## [Records for this exercise]
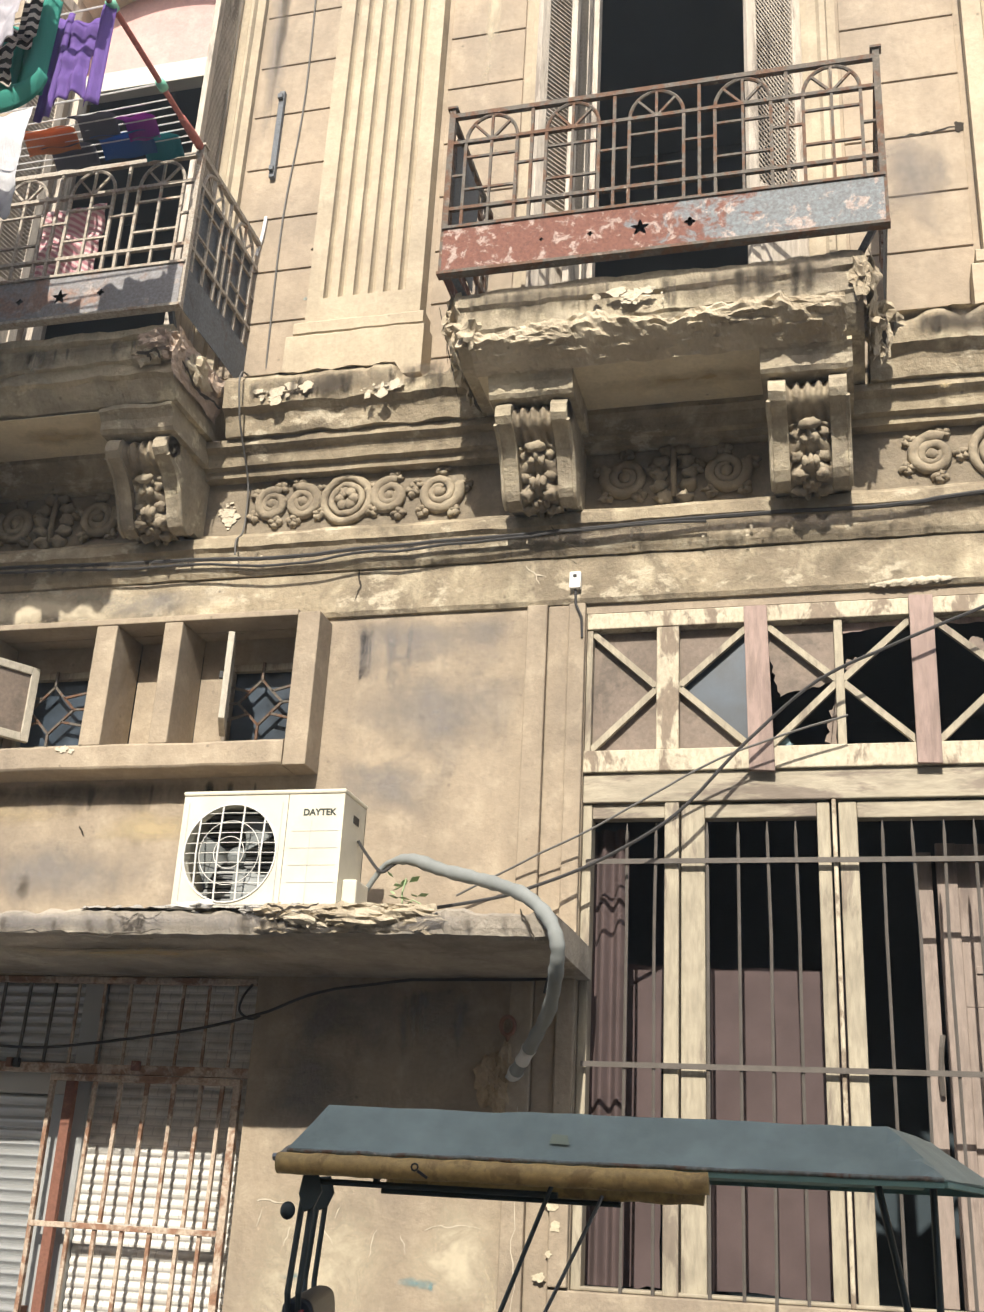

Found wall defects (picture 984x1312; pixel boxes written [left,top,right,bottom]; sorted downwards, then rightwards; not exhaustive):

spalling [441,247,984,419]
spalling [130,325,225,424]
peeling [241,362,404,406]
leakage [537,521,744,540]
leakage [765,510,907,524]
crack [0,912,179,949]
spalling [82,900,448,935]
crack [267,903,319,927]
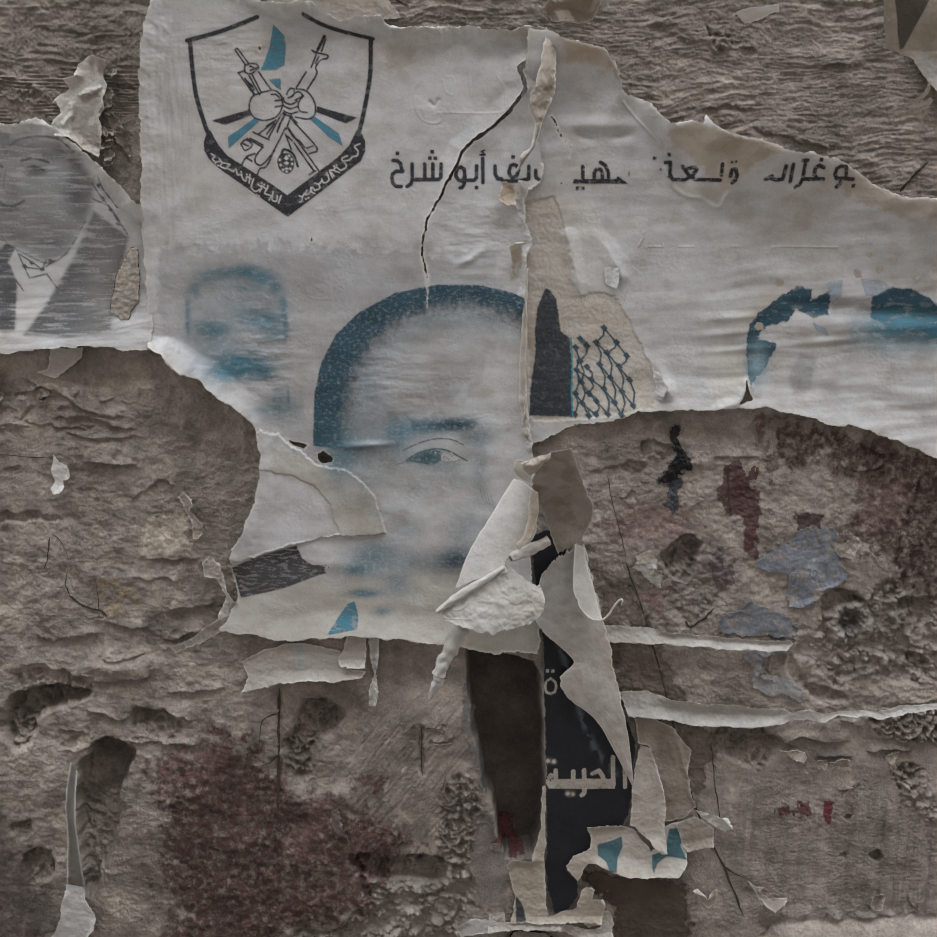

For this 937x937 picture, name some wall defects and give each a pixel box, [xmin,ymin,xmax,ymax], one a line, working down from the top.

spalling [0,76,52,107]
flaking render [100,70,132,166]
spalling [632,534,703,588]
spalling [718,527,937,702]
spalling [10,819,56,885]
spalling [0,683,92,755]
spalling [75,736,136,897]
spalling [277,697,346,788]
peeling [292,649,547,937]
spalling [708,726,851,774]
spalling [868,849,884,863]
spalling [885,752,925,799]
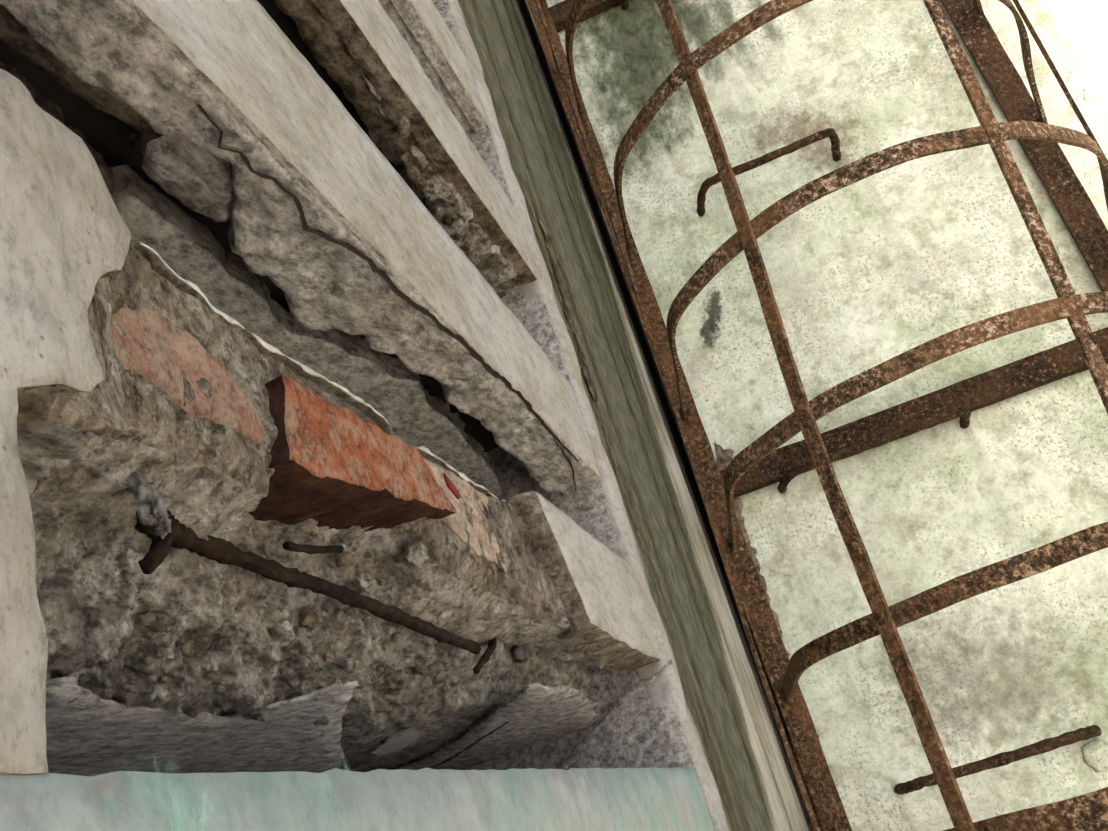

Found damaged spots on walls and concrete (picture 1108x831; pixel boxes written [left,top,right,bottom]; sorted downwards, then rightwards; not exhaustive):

## [What is expected]
Word for word, set down the lines from the line with "For this 937x937" through the last line of the entries, and nothing else; the pictures stay out.

## [Answer to the problem]
For this 937x937 picture, name some wall defects and give each a pixel box, [xmin,ymin,xmax,ymax], one a line, working down from the top.

spalling [0,76,52,107]
flaking render [100,70,132,166]
spalling [632,534,703,588]
spalling [718,527,937,702]
spalling [10,819,56,885]
spalling [0,683,92,755]
spalling [75,736,136,897]
spalling [277,697,346,788]
peeling [292,649,547,937]
spalling [708,726,851,774]
spalling [868,849,884,863]
spalling [885,752,925,799]

Found damaged spots on walls and concrete (picture 1108x831; pixel boxes written [left,top,right,bottom]; sorted downwards, then rightwards; not exhaustive):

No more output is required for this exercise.